Dai leader UE è arrivato “il sostegno al presidente Zelenskyy e hanno concordato di sostenere qualunque decisione egli assuma in via definitiva su specifiche questioni ucraine. Hanno riaffermato che i confini internazionali non devono essere modificati con la forza. Le decisioni sul territorio spettano al popolo ucraino, una volta che solide garanzie di sicurezza siano effettivamente in vigore. Hanno convenuto che alcune questioni dovranno essere risolte nelle fasi finali dei negoziati. Hanno sottolineato che sosterranno il presidente Zelensky nel consultare il suo popolo, se necessario“.
“Resta prioritaria la difesa del diritto internazionale e pertanto permane il sostegno multidimensionale allo Stato aggredito“. I leader europei riuniti a Berlino hanno proposto una “forza multinazionale” guidata dall’Europa e sostenuta dagli USA per far rispettare un potenziale accordo di pace in Ucraina. La forza farebbe parte delle “solide garanzie di sicurezza” offerte all’Ucraina dagli Stati Uniti e dalle potenze europee con l’obiettivo di garantire che la Russia non violi l’accordo per porre fine alla guerra.

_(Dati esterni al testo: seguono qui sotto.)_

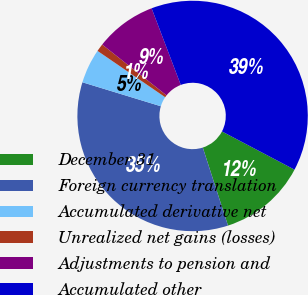Convert chart. <chart><loc_0><loc_0><loc_500><loc_500><pie_chart><fcel>December 31<fcel>Foreign currency translation<fcel>Accumulated derivative net<fcel>Unrealized net gains (losses)<fcel>Adjustments to pension and<fcel>Accumulated other<nl><fcel>12.31%<fcel>34.69%<fcel>4.83%<fcel>1.09%<fcel>8.57%<fcel>38.5%<nl></chart>

Questa forza sarebbe “composta da contributi di nazioni volontarie e sostenuta dagli Stati Uniti”, che a loro volta guiderebbero un “meccanismo di monitoraggio e verifica del cessate il fuoco“, annunciano i leader europei, che esortano inoltre la Russia ad accettare “un cessate il fuoco“. Nel documento si legge che l’esercito ucraino dovrà essere limitato a 800.000 soldati.

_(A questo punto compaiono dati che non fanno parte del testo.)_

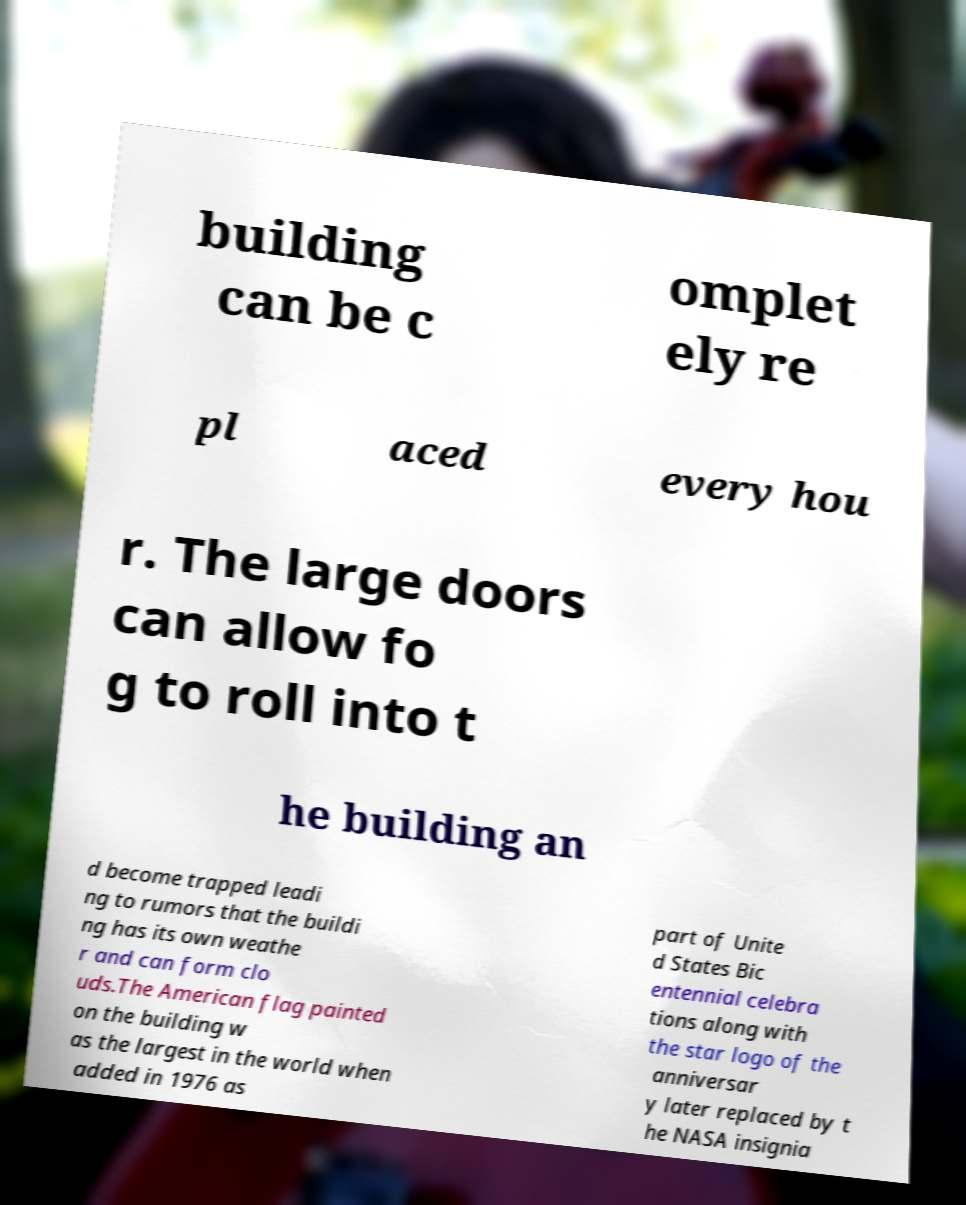I need the written content from this picture converted into text. Can you do that? building can be c omplet ely re pl aced every hou r. The large doors can allow fo g to roll into t he building an d become trapped leadi ng to rumors that the buildi ng has its own weathe r and can form clo uds.The American flag painted on the building w as the largest in the world when added in 1976 as part of Unite d States Bic entennial celebra tions along with the star logo of the anniversar y later replaced by t he NASA insignia

Il testo della dichiarazione firmata dai leader UE
“Sia i leader statunitensi sia quelli europei si sono impegnati a lavorare insieme per fornire solide garanzie di sicurezza e misure di sostegno alla ripresa economica dell’Ucraina nel contesto di un accordo per porre fine alla guerra“. Ciò includerebbe impegni a: “fornire un sostegno continuativo e significativo all’Ucraina per rafforzare le sue forze armate, che dovrebbero rimanere a un livello di pace di 800.000 unità, in modo da poter dissuadere i conflitti e difendere il territorio ucraino; Costituire una ‘forza multinazionale per l’Ucraina’ a guida europea, composta da contributi di Paesi disponibili nell’ambito della Coalizione dei Volenterosi e sostenuta dagli Stati Uniti. Essa assisterà nella rigenerazione delle forze ucraine, nella protezione dei cieli dell’Ucraina e nel sostegno alla sicurezza marittima, anche operando all’interno dell’Ucraina“.
E ancora: “Istituire un meccanismo di monitoraggio e verifica del cessate il fuoco guidato dagli Stati Uniti, con partecipazione internazionale, per fornire un allarme tempestivo in caso di futuri attacchi e per attribuire e rispondere a eventuali violazioni, insieme a un meccanismo di de-conflitto volto a individuare azioni di reciproca de-escalation a beneficio di tutte le partii; Assumere un impegno giuridicamente vincolante, subordinato alle procedure nazionali, ad adottare misure per ristabilire la pace e la sicurezza in caso di un futuro attacco armato“.
Tali misure, si legge ancora nel documento, “possono includere l’uso della forza armata, assistenza informativa e logistica, nonché azioni economiche e diplomatiche“. Viene inoltre messo nero su bianco l’impegno a “investire nella futura prosperità dell’Ucraina, rendendo disponibili risorse significative per la ripresa e la ricostruzione, promuovendo accordi commerciali reciprocamente vantaggiosi e tenendo conto della necessità che la Russia risarcisca l’Ucraina per i danni causati. In questo contesto, i beni sovrani russi nell’Unione europea sono stati immobilizzati; Sostenere con forza l’adesione dell’Ucraina all’Unione europea“.